After his adventures in Hollywood, Dr. Subodh returned to Varanasi, and in the month following the Academy Awards, he and our other partner surgeons there operated on an additional 1,500 children. Even in the smallest and most remote villages in India, word of Pinki’s story had spread. We gave India’s biggest TV network, Doordarshan, which reaches a staggering 900 million people, permission to broadcast Smile Pinki in perpetuity. The state-owned network started screening the film every other month, and each time it aired, we saw a spike in new patients. All across India, people were learning that clefts are a birth defect, not a curse—and that there is a way they can be fixed, free of charge.
Smile Pinki taught us a lot about what happens when patients share their success stories. When someone like Pinki goes home to her village, she doesn’t even really need to say a word; it’s all written on her face. Her birth defect has been fixed.
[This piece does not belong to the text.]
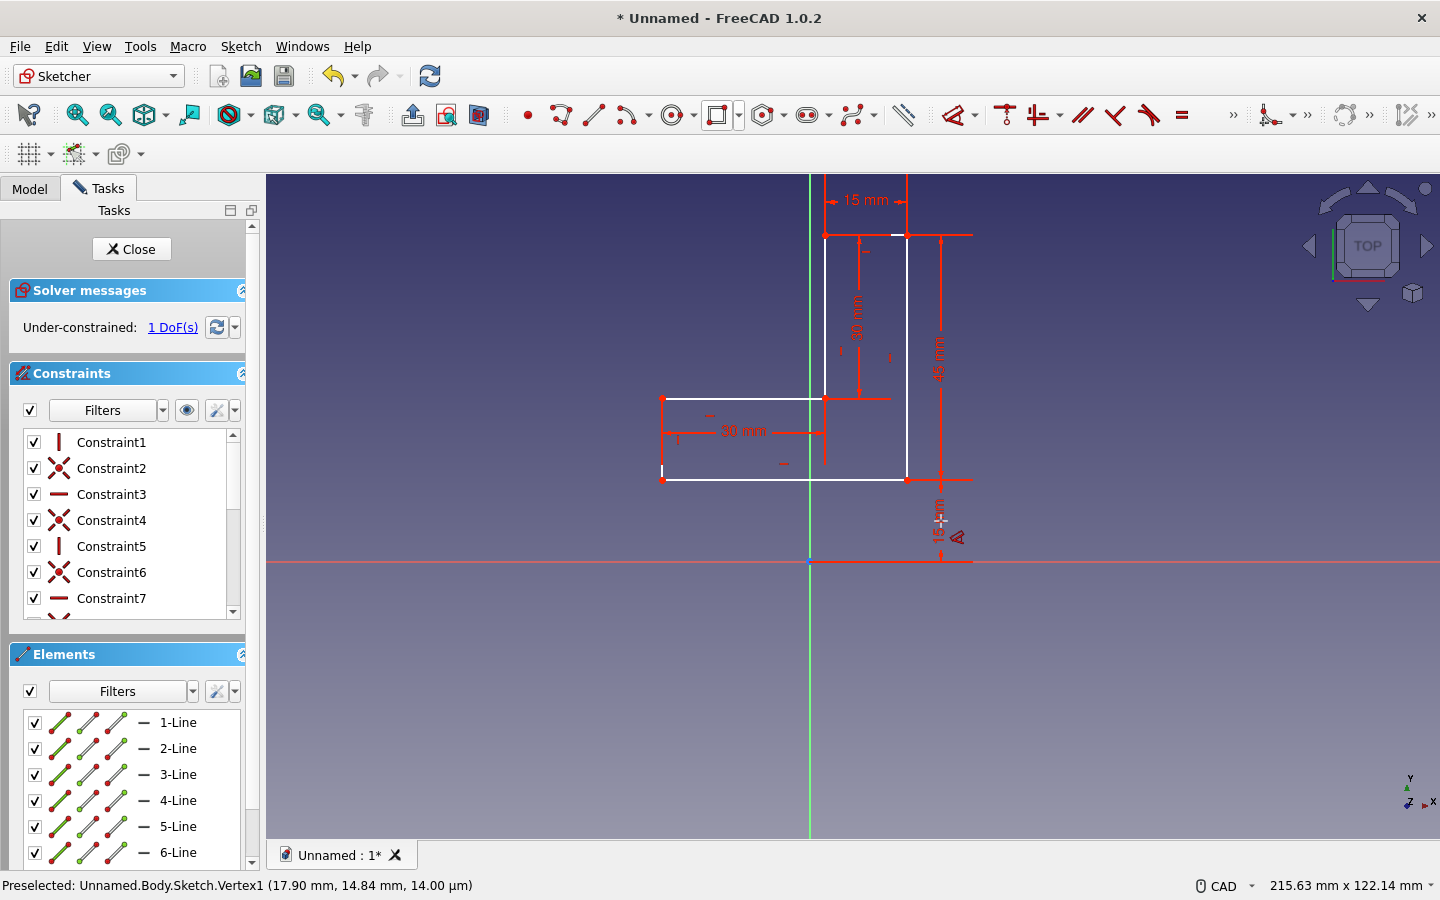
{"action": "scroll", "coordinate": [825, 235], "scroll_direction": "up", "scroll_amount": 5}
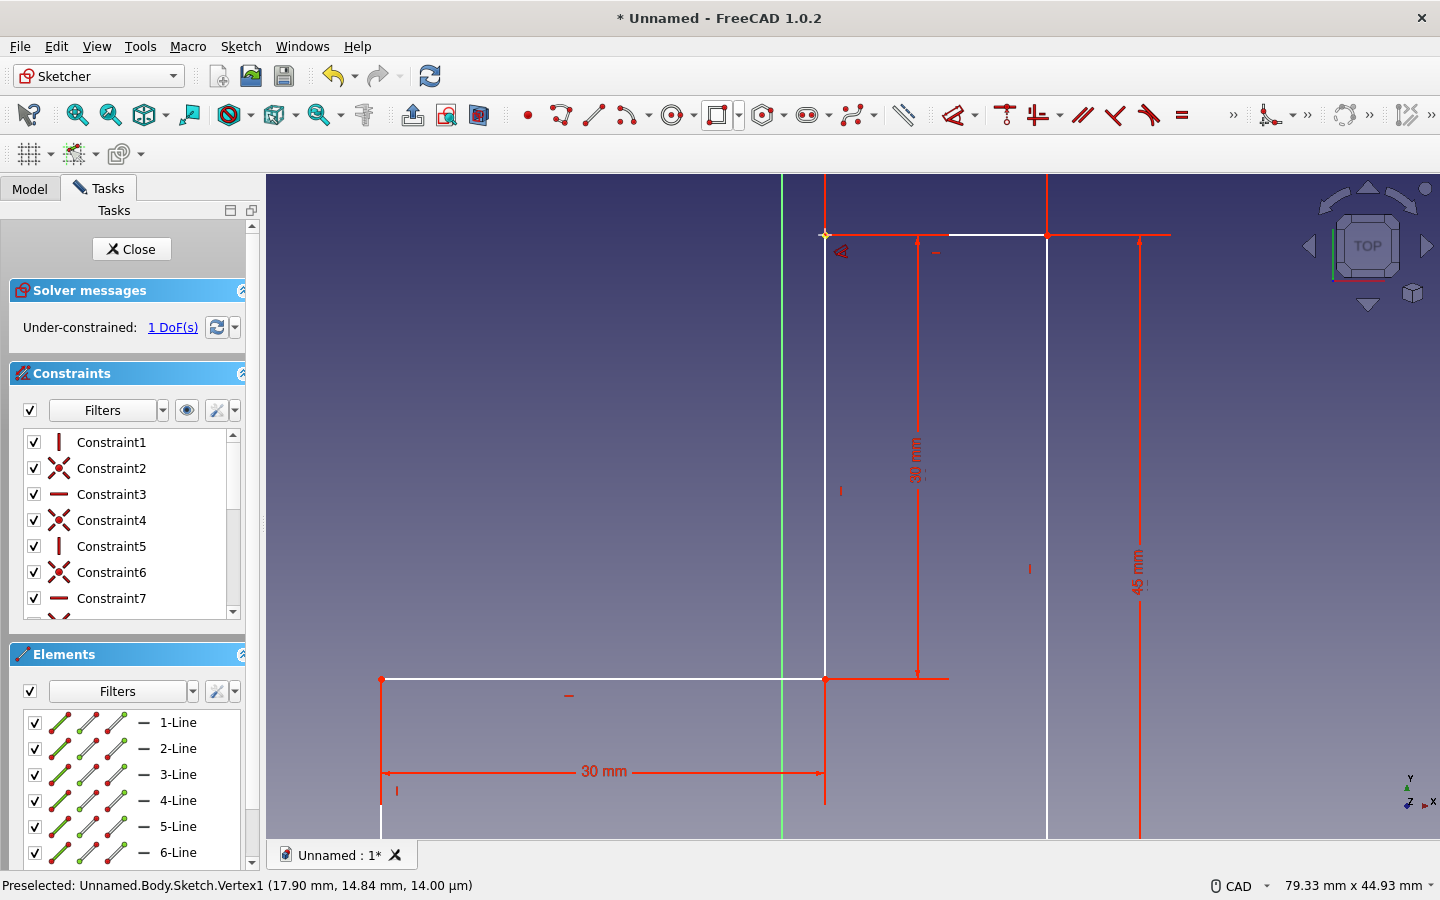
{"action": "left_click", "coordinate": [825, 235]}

A cure is possible, through surgery. This is so important, especially in communities when people really fear going to hospitals, because very often people who go to hospitals never come back. We were recognizing that our patients were the most powerful tool for education and communication that we had.
To this day, every time Dr. Subodh finishes operating on a child, he invites the family into his office. He explains how to care for the child post-surgery and then he says something that shocks the family:
“Now you must pay the bill.”
The family protests—after all, they’ve been told repeatedly that surgery will be free of charge!
Then Subodh smiles and says: “Please don’t worry, please. You must pay not with money, but by going back to your village and finding another child who is suffering, and telling him to come here, to me, for help.”
Of course, the family members immediately agree.
“You are our heroes,” Subodh says. “Find us more children with clefts.”